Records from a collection
* * *

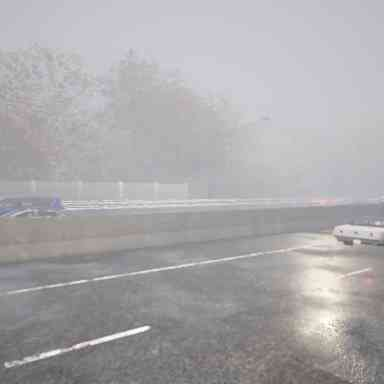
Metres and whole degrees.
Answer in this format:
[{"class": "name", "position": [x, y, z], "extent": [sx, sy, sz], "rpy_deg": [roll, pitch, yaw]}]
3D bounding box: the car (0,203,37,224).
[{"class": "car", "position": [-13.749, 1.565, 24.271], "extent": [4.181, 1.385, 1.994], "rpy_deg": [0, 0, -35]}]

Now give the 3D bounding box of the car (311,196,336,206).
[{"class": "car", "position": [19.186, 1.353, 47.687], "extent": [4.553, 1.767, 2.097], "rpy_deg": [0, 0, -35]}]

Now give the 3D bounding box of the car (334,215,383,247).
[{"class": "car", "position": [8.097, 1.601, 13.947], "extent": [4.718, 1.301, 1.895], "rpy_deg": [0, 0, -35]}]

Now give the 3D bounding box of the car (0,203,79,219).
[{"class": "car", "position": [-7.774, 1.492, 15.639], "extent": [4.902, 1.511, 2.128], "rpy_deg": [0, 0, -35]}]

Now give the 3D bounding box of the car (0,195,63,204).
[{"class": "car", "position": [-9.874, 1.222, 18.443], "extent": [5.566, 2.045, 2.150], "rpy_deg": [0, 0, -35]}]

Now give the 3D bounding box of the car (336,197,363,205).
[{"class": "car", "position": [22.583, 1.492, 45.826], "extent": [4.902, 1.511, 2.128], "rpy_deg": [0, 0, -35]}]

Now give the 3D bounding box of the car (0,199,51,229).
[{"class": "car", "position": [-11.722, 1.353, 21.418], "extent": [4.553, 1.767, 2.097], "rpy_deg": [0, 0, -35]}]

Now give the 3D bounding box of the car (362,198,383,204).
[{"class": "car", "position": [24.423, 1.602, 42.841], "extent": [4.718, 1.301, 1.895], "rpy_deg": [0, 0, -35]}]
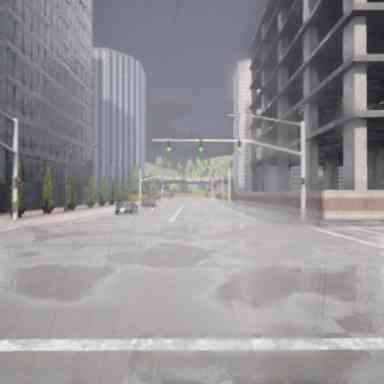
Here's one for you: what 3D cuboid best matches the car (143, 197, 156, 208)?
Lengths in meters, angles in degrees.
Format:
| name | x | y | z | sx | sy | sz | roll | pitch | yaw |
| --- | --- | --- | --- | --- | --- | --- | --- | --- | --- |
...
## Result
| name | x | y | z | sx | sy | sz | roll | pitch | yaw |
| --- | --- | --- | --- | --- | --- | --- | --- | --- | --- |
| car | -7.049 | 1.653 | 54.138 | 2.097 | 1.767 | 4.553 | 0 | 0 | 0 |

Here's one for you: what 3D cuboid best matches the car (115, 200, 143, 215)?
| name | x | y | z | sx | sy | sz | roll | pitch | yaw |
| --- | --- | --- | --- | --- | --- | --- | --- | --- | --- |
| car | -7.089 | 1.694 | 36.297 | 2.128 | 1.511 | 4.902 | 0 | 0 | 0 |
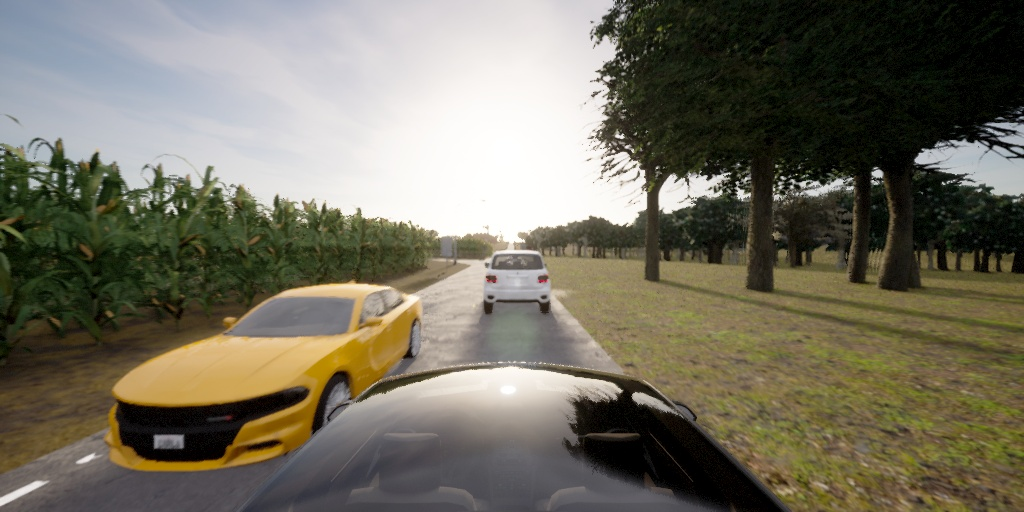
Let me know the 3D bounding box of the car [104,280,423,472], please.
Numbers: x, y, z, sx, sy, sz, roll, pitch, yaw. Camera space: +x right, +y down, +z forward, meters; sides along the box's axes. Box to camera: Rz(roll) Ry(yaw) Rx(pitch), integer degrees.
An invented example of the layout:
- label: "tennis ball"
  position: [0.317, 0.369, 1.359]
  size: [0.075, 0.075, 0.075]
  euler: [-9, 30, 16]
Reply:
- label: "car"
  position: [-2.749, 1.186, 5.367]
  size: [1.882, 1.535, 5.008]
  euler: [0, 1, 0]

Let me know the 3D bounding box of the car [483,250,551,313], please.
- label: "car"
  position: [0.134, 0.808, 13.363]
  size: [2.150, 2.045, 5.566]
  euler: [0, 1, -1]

* * *

What to do >> Your answer must be an exact copy of the records, without the pictures.

Written response >>
Metres and whole degrees.
Answer in this format:
[{"class": "name", "position": [x, y, z], "extent": [sx, sy, sz], "rpy_deg": [roll, pitch, yaw]}]
3D bounding box: the car (0,203,37,224).
[{"class": "car", "position": [-13.749, 1.565, 24.271], "extent": [4.181, 1.385, 1.994], "rpy_deg": [0, 0, -35]}]

Now give the 3D bounding box of the car (311,196,336,206).
[{"class": "car", "position": [19.186, 1.353, 47.687], "extent": [4.553, 1.767, 2.097], "rpy_deg": [0, 0, -35]}]

Now give the 3D bounding box of the car (334,215,383,247).
[{"class": "car", "position": [8.097, 1.601, 13.947], "extent": [4.718, 1.301, 1.895], "rpy_deg": [0, 0, -35]}]

Now give the 3D bounding box of the car (0,203,79,219).
[{"class": "car", "position": [-7.774, 1.492, 15.639], "extent": [4.902, 1.511, 2.128], "rpy_deg": [0, 0, -35]}]

Now give the 3D bounding box of the car (0,195,63,204).
[{"class": "car", "position": [-9.874, 1.222, 18.443], "extent": [5.566, 2.045, 2.150], "rpy_deg": [0, 0, -35]}]

Now give the 3D bounding box of the car (336,197,363,205).
[{"class": "car", "position": [22.583, 1.492, 45.826], "extent": [4.902, 1.511, 2.128], "rpy_deg": [0, 0, -35]}]

Now give the 3D bounding box of the car (0,199,51,229).
[{"class": "car", "position": [-11.722, 1.353, 21.418], "extent": [4.553, 1.767, 2.097], "rpy_deg": [0, 0, -35]}]

Now give the 3D bounding box of the car (362,198,383,204).
[{"class": "car", "position": [24.423, 1.602, 42.841], "extent": [4.718, 1.301, 1.895], "rpy_deg": [0, 0, -35]}]
Here's one for you: what 3D cuboid best matches the car (143, 197, 156, 208)?
Lengths in meters, angles in degrees.
Format:
| name | x | y | z | sx | sy | sz | roll | pitch | yaw |
| --- | --- | --- | --- | --- | --- | --- | --- | --- | --- |
...
## Result
| name | x | y | z | sx | sy | sz | roll | pitch | yaw |
| --- | --- | --- | --- | --- | --- | --- | --- | --- | --- |
| car | -7.049 | 1.653 | 54.138 | 2.097 | 1.767 | 4.553 | 0 | 0 | 0 |

Here's one for you: what 3D cuboid best matches the car (115, 200, 143, 215)?
| name | x | y | z | sx | sy | sz | roll | pitch | yaw |
| --- | --- | --- | --- | --- | --- | --- | --- | --- | --- |
| car | -7.089 | 1.694 | 36.297 | 2.128 | 1.511 | 4.902 | 0 | 0 | 0 |
Let me know the 3D bounding box of the car [104,280,423,472], please.
Numbers: x, y, z, sx, sy, sz, roll, pitch, yaw. Camera space: +x right, +y down, +z forward, meters; sides along the box's axes. Box to camera: Rz(roll) Ry(yaw) Rx(pitch), integer degrees.
An invented example of the layout:
- label: "tennis ball"
  position: [0.317, 0.369, 1.359]
  size: [0.075, 0.075, 0.075]
  euler: [-9, 30, 16]
Reply:
- label: "car"
  position: [-2.749, 1.186, 5.367]
  size: [1.882, 1.535, 5.008]
  euler: [0, 1, 0]

Let me know the 3D bounding box of the car [483,250,551,313], please.
- label: "car"
  position: [0.134, 0.808, 13.363]
  size: [2.150, 2.045, 5.566]
  euler: [0, 1, -1]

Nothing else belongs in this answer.